EI3104 Lab Course Digital Circuit Design
The aim of the module is to provide the students with knowledge and understanding of practical Integrated Circuit (IC) design techniques in digital IC. It includes both digital IC design at transistor level as well as system level using hardware description language (HDL). Verilog-HDL is the targeted HDL in this semester. This is a full laboratory course with 100% laboratory assessment, and that’s no written examination.
Semester 5 (Specialisation 2: Systems & Sensors)
EI3200 Micro System Technologies (MEMS components)
Understanding of micro-structured energy converter system design and dimensioning of micro-transducers, piezoresistive transducers, piezoelectric transducers, magnetic transducers, Calculation of basic structures and design of micro-structured mechanical and fluidic elements.
EI0667 Real Time and Embedded Systems
The Lecture "Real-Time and Embedded Systems" covers the topics:
Basics of embedded processor architectures
Bus and memory architectures
Performance/Timing analysis of embedded systems
Models for real-time systems
Principles of embedded software development
Basic real-time programming language concepts (e.g. Esterel)

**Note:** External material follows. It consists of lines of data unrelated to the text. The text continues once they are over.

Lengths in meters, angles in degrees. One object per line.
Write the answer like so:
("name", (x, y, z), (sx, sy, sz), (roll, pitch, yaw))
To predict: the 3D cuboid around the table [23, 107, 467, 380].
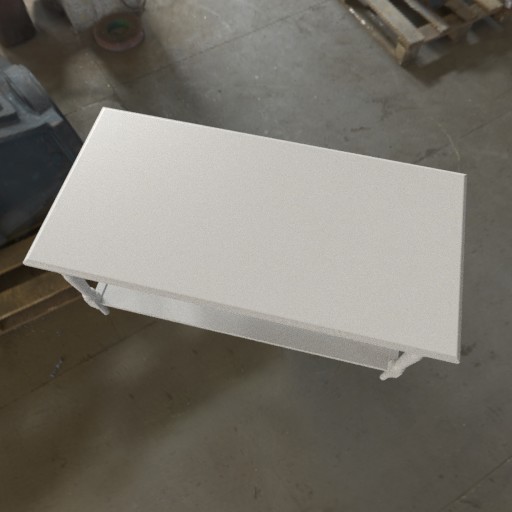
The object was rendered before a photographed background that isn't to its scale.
("table", (0.000, 0.000, 1.428), (1.109, 0.506, 0.551), (12, 65, 6))
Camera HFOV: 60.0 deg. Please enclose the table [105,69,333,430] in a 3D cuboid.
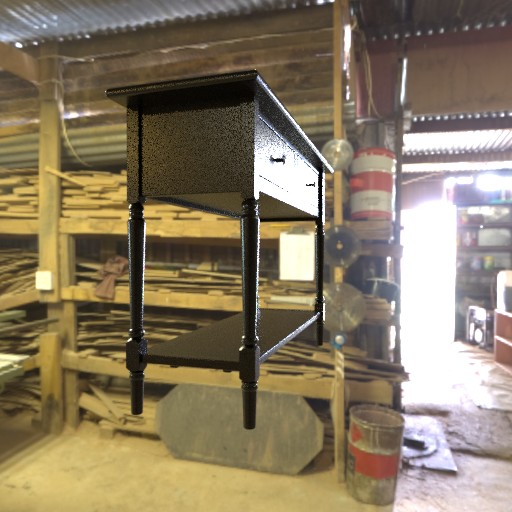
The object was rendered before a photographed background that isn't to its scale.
[{"bbox_3d":[0.000,0.000,1.581,0.386,0.819,1.191,0,0,18],"label":"table"}]
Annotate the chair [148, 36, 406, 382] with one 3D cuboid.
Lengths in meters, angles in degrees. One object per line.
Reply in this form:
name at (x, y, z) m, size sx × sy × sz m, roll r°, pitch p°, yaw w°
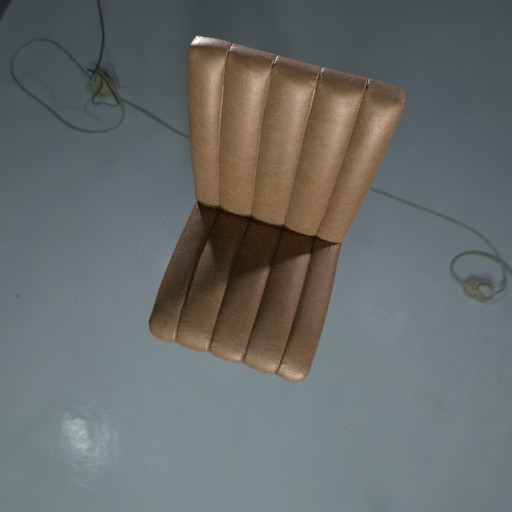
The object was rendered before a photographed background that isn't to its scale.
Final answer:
chair at (0.000, 0.000, 1.350) m, size 0.511 × 1.016 × 0.647 m, roll 17°, pitch 76°, yaw 4°
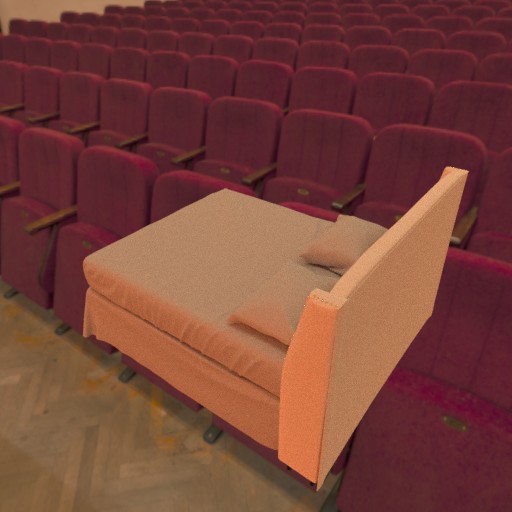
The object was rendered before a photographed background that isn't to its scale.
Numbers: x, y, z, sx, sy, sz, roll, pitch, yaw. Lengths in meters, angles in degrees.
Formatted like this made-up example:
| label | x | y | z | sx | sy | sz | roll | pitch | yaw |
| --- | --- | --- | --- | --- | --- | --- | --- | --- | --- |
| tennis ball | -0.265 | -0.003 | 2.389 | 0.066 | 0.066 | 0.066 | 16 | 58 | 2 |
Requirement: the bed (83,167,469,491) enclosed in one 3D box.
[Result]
| label | x | y | z | sx | sy | sz | roll | pitch | yaw |
| --- | --- | --- | --- | --- | --- | --- | --- | --- | --- |
| bed | 0.000 | 0.000 | 3.319 | 2.276 | 1.332 | 1.925 | 22 | 38 | 31 |
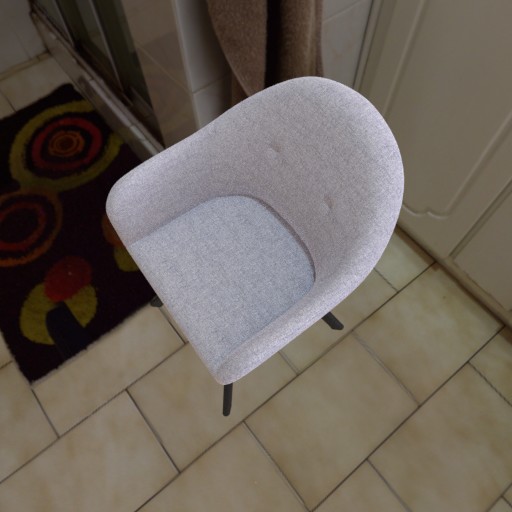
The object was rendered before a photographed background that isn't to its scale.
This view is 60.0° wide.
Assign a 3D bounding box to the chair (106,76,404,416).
[{"bbox_3d":[0.000,0.000,1.163,0.570,0.780,0.540,-33,68,-16],"label":"chair"}]

Real-time operating systems
Design space exploration
EI3301 Dynamic Systems and Control 2
Representation and Analysis of Multi-Input Multi-Output Systems, performance specification and limitations, H control (PK structure, H control problem, Mixed sensitivity design, characterization of H norm, control synthesis), bisection algorithm.

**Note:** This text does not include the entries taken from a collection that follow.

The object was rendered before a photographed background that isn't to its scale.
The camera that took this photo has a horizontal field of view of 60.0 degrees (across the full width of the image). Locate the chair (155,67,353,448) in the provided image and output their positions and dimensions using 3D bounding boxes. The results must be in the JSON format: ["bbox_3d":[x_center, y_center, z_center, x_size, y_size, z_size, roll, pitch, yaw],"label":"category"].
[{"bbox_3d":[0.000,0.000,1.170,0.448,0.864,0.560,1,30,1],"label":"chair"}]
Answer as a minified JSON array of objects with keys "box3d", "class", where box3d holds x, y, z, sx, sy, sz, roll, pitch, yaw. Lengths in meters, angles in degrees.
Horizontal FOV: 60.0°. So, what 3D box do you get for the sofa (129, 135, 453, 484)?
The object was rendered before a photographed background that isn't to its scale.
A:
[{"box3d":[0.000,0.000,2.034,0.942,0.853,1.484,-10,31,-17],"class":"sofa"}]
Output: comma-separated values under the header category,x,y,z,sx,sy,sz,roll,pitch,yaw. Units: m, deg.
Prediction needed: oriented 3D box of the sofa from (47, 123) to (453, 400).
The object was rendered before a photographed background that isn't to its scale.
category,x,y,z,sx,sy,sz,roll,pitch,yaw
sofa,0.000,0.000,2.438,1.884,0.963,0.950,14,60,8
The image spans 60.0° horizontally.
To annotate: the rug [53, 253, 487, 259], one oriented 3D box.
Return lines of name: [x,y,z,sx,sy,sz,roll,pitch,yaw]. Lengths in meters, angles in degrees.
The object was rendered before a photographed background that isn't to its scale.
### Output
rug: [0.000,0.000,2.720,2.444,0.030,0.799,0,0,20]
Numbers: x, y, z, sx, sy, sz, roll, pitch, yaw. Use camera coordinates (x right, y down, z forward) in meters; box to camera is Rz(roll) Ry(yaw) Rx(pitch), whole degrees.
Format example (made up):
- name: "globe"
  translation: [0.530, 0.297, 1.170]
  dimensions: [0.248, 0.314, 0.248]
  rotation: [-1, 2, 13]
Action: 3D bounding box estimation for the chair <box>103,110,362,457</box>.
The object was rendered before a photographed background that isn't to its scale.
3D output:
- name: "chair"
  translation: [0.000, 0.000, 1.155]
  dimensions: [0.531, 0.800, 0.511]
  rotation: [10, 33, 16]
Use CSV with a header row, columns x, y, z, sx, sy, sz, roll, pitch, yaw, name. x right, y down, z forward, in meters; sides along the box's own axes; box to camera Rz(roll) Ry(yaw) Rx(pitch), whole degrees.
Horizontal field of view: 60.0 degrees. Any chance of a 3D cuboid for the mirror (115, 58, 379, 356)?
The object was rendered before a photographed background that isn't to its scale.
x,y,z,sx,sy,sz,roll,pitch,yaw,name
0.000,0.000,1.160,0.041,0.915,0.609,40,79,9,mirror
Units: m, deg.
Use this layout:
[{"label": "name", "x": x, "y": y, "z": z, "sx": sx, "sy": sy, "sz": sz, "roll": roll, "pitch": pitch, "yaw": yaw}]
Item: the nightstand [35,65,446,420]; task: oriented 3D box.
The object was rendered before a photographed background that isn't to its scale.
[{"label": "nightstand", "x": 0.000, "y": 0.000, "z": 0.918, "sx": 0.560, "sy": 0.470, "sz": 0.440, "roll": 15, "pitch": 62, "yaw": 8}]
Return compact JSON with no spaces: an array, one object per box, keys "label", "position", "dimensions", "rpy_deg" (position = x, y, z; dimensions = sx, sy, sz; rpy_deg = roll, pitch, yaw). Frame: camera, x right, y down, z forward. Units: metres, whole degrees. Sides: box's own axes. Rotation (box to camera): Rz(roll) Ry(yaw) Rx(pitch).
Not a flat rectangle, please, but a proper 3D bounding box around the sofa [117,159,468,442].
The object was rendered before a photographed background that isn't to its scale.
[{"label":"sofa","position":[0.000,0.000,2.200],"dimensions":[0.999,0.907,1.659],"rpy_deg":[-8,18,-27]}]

EI0663 Lab Course Control and Automation Laboratory
The laboratory consists of experiments on the following topics: computer aided control design, state space control design, systems with distributed parameters, machine vision in automation systems, mobile robots, automation with petrinets and neuronal networks.
NOTE - 'A' level students have to do 2 soft skills modules and Engineering Practice (Internship) in Semester 6.